From the State Journal-Register (Springfield, IL), 11/6/94: Evolution in the blink of an e
From the State Journal-Register (Springfield, IL), 11/6/94:
Evolution in the blink of an eye
by Carol Yaesuk Yoon
N.Y. Times News Service
One of the most fascinating yet awkward problems that have challenged
biologists since Charles Darwin is how to explain the evolution of complex
structures such as the eye and the wing. How does a blind force like natural
selection sculpt from almost nothing a supremely delicate mechanism such as the
inner structure of the ear?
The trick, so hard to understand, is one that apparently gives evolution no
bother. The eye, for instance, is an organ that has evolved not once but
perhaps dozens of times, since insects, octopuses, mammals and other groups all
have eyes of quite different structure.
Scientists studying how the trick is accomplished at the level of genes and
their protein molecules say they are finding a common thread in this varied
tapestry: evolution produces the strikingly new by tinkering with the old.
Animals do not evolve whole new suites of genes and proteins to build
complex structures. Instead a species appears to construct useful new features
by adapting existing molecules to new uses.
"We're now beginning to provide some answers to the questions Darwin
raised," said Dr. Margaret McFall-Ngai, a developmental biologist at the
University of Souther California at Los Angeles and one of the speakers
discussing the evolution of novelty at a meeting on development and evolution
last week at Indiana University in Bloomington. "We're finding that the
organism is extremely resourceful. It has a set of cards to play and it can
deal them up a bunch of different ways to come up with novel structures. It's
changing our ideas about how these structures are formed."
Dr. Rudy Raff, director of the Institute for Molecular and Cellular Biology
at Indiana University and an organizer of the symposium, said: "The most
surprising and important discovery is the sameness. You see the same genes
used again and again, always co-opted for other uses. If you just take what
you have and reorganize it, you can make something new rather quickly, and I
think that's the way evolution works. And that's one of the surprising things
molecular biology has really revealed.
The puzzle of how an organ as exquisitely complex as an eye could first
evolve was problematic enough that Darwin felt compelled to discuss it at
length in his book "The Origin of Species" in a chapter entitled "Difficulties
of the Theory."
"It's the problem of the incipient stages of useful structures," said Dr.

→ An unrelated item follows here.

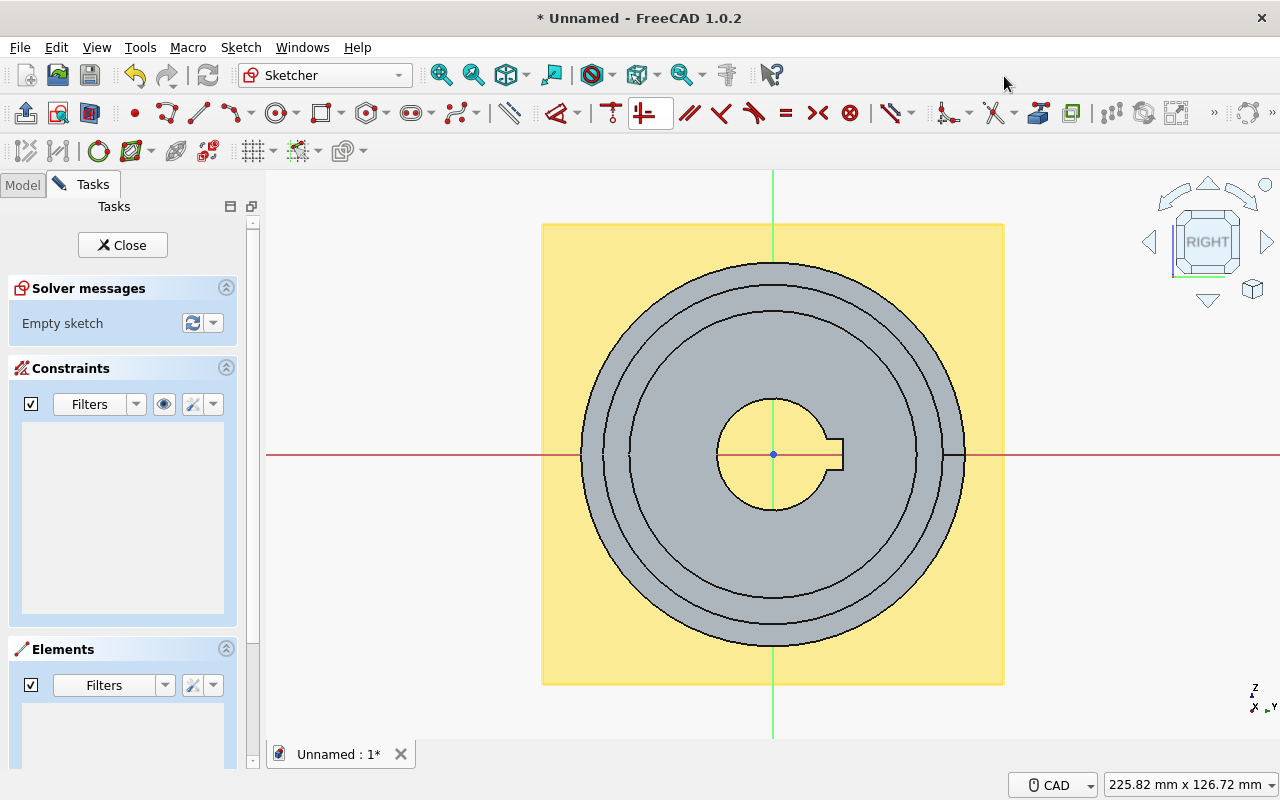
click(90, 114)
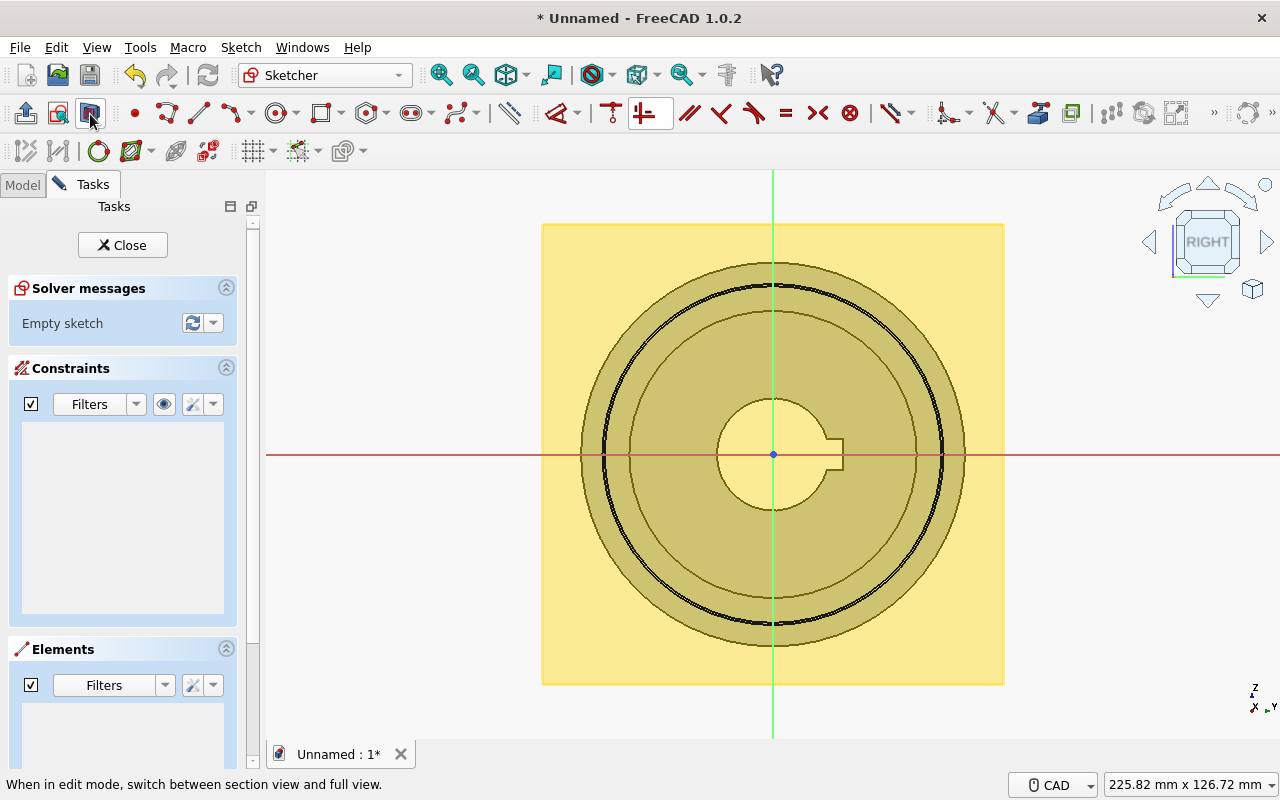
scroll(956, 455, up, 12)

Stephen Jay Gould, an evolutionary biologist at Harvard University who was the
keynote speaker at the meeting. "We can all see what wings are for when
they're complete wings. But just a few percent of a wing, what good is that?
Darwin's general answer is that it must exist for other purposes, and that
continues as the key theme in the evolution of novelty. You can't get
complexity out of nowhere."
And indeed you don't, as researchers at the National Institutes of Health
studying eye lenses are discovering.
The lens is a remarkable transparent structure filled with proteins called
crystallins, which have been an object of study for more than a century. Found
in great quantities in the lens and perfectly arranged to focus light,
crystallins were long thought to be highly specialized lens proteins that
evolved solely to allow animals to see.
But as researchers studying these proteins are discovering, the evolution
of the lens may have been a lot simpler than was imagined and may begin to
provide lessons in how such complex structures arise in general.
"The story in lens shows that you can evolve complex body parts by
borrowing specialized proteins that are being used for one function for use in
an entirely different function," said Dr. Joram Piatigorsky, chief of the
laboratory of molecular and developmental biology at the National Eye Institute
in Bethesda, Md., and a speaker at the meeting. "I'd rather expect that
similar kinds of things are going on everywhere."